La manière dont vous, les médias, présentez à la population la grève de lundi n’est pas digne de votre vocation de journaliste ; vous trahissez la responsabilité qui est la vôtre dans le décodage et la transmission de l’information. Il n’y a chez vous, ni analyse de fond, ni explications sur l’origine profonde de la crise actuelle du système financier.

Une enquête digne de ce nom vous aurait fait découvrir rapidement que la dette monstrueuse que l’on demande aux peuples de rembourser, la cause de cette austérité qui provoque cette grève générale qui aura lieu lundi, cette dette enfin, NOUS N’EN SOMMES PAS RESPONSABLES. Elle nous a été imposée par un système financier dévoyé dirigé par une minorité d’acteurs internationaux qui se jouent des lois, et qui ont la possibilité de faire payer les montants astronomiques qu’ils ont perdus en jouant au casino, à une population mondiale sans défense.

Vous vous contentez plutôt de présenter ce mouvement social comme la énième manifestation de mauvaise humeur de travailleurs, ou de relayer un discours culpabilisant, comme quoi la population aurait vécu au-dessus de ses moyens. C’est FAUX ! La vérité est qu’ils ont vécu au-dessus de NOS moyens, jouant avec l’argent et la vie de millions (voire de milliards) de personnes. Et moins il sera donné l’occasion à cette population de montrer qu’elle n’est pas d’accord avec cette situation – si ces problèmes ne sont pas analysés de manière factuelle, professionnelle, juste – plus ces irresponsables se sentiront justifiés dans leur attitude, et continueront à faire payer aux autres leur crise, et celles qui viendront après.

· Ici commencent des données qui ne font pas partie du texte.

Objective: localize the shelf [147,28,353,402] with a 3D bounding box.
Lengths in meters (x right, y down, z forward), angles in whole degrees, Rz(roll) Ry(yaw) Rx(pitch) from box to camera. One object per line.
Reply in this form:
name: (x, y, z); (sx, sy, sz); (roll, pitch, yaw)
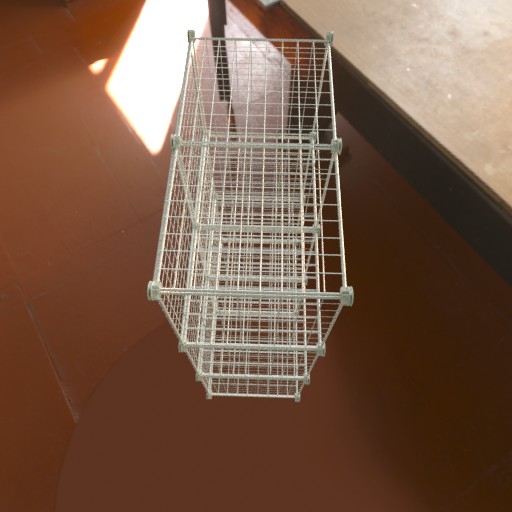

Si vous refusez de jouer le rôle de contrepouvoir qui est le vôtre, PAS NÉCESSAIREMENT FACE AU POLITIQUE comme vous en avez l’habitude, vous porterez la responsabilité finale de la destruction du modèle social qui a mis des centaines d’années à émerger, le résultat de combats incessants pour lutter contre la barbarie, ces luttes qui ont placé l’être humain avant l’argent.

Il ne vous est pas demandé davantage que d’approfondir le débat. Interrogez des personnes ayant une vue neutre, ou en tout cas qui se situent en-dehors des milieux financiers ou bancaires qui, de leur côté, ne cherchent qu’à promouvoir l’idéologie correspondant le mieux à leurs intérêts. Lesquels sont bien sûr en totale contradiction avec ceux des représentants les plus fragiles de la société.

Chacun sait que les inégalités se creusent et pourtant, vous vous désintéressez des raisons profondes d’une telle évolution. Ah ! pour des journalistes, vous n’êtes vraiment pas très curieux ! Pourquoi ne pas prendre exemple plutôt (il y en a d’autres heureusement) sur M. Paul Jorion, à la fois anthropologue – ce qui lui permet d’adopter une certaine hauteur de vue ainsi qu’une rigueur scientifique que les politiques ou les financiers peuvent se permettre d’ignorer – et aussi économiste ayant évolué au cœur de la crise des subprimes – ce qui lui permet cette fois d’avoir une compréhension globale des mécanismes en jeu dans le contexte actuel ?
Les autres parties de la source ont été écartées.